BEGIN

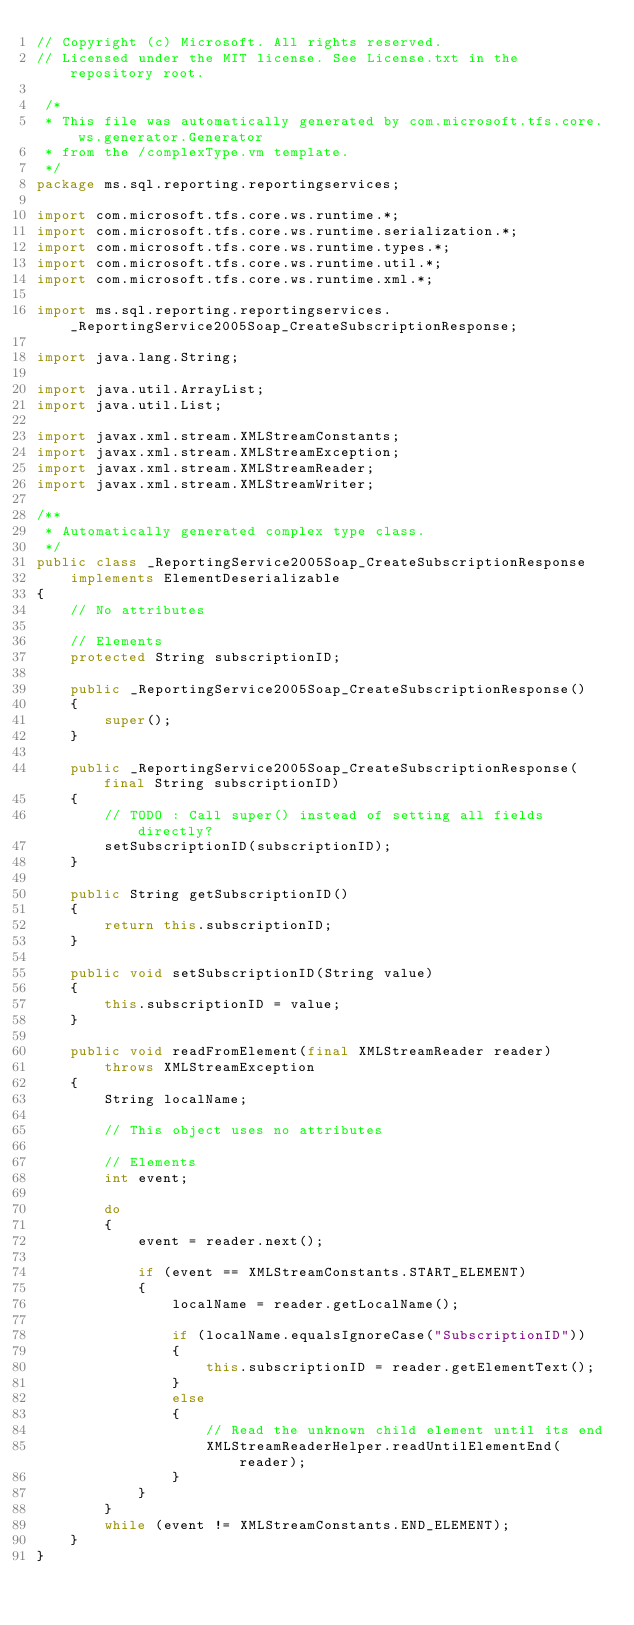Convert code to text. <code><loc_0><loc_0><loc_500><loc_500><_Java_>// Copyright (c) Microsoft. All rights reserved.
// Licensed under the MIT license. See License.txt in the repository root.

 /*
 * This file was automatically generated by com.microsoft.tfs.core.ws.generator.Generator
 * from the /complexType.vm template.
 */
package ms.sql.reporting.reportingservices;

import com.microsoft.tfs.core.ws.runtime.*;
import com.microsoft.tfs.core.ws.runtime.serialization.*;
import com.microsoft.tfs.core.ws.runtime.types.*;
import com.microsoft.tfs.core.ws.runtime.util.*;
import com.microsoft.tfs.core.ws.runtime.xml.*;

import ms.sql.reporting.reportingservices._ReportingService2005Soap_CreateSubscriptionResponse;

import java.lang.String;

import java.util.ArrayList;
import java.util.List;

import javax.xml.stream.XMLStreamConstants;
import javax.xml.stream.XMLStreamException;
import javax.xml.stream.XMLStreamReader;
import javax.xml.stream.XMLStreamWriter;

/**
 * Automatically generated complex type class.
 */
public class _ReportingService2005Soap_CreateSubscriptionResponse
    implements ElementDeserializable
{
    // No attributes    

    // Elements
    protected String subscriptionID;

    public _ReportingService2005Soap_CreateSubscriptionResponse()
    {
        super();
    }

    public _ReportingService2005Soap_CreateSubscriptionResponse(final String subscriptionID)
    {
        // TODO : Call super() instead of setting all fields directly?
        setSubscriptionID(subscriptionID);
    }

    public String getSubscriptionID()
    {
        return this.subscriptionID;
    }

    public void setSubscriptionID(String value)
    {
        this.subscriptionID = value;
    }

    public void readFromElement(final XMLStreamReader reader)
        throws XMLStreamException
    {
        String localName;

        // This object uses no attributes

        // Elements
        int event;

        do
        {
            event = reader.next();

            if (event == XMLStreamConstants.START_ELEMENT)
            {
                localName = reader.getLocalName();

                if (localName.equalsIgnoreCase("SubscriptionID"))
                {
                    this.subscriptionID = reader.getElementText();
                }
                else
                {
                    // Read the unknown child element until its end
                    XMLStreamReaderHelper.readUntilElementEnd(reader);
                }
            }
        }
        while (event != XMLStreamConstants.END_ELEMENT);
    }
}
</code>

END
BEGIN

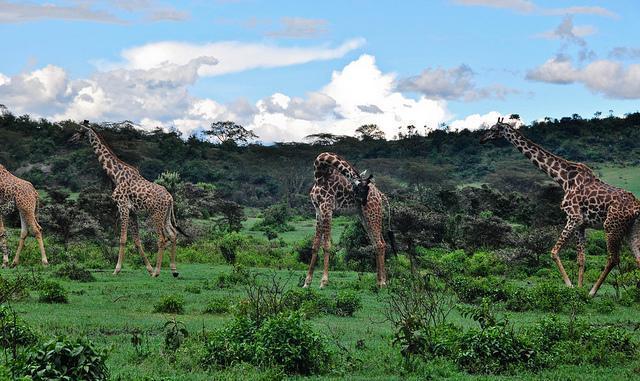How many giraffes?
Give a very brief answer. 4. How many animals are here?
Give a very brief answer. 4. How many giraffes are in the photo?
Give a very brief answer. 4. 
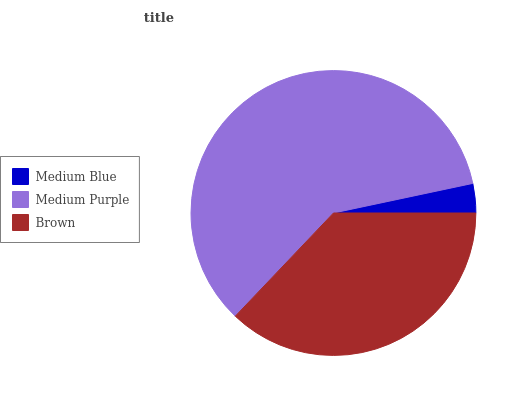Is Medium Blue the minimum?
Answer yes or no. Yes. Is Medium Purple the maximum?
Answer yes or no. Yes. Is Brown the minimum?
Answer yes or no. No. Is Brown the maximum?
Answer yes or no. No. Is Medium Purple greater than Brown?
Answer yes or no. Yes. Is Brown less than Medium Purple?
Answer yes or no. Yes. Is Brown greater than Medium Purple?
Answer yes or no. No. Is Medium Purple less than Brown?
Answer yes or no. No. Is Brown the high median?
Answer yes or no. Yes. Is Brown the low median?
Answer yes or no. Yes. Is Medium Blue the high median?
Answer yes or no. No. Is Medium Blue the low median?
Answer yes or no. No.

END

Exercise description:
Report how many lines above include "runtime". Nothing else.

Answer box:
5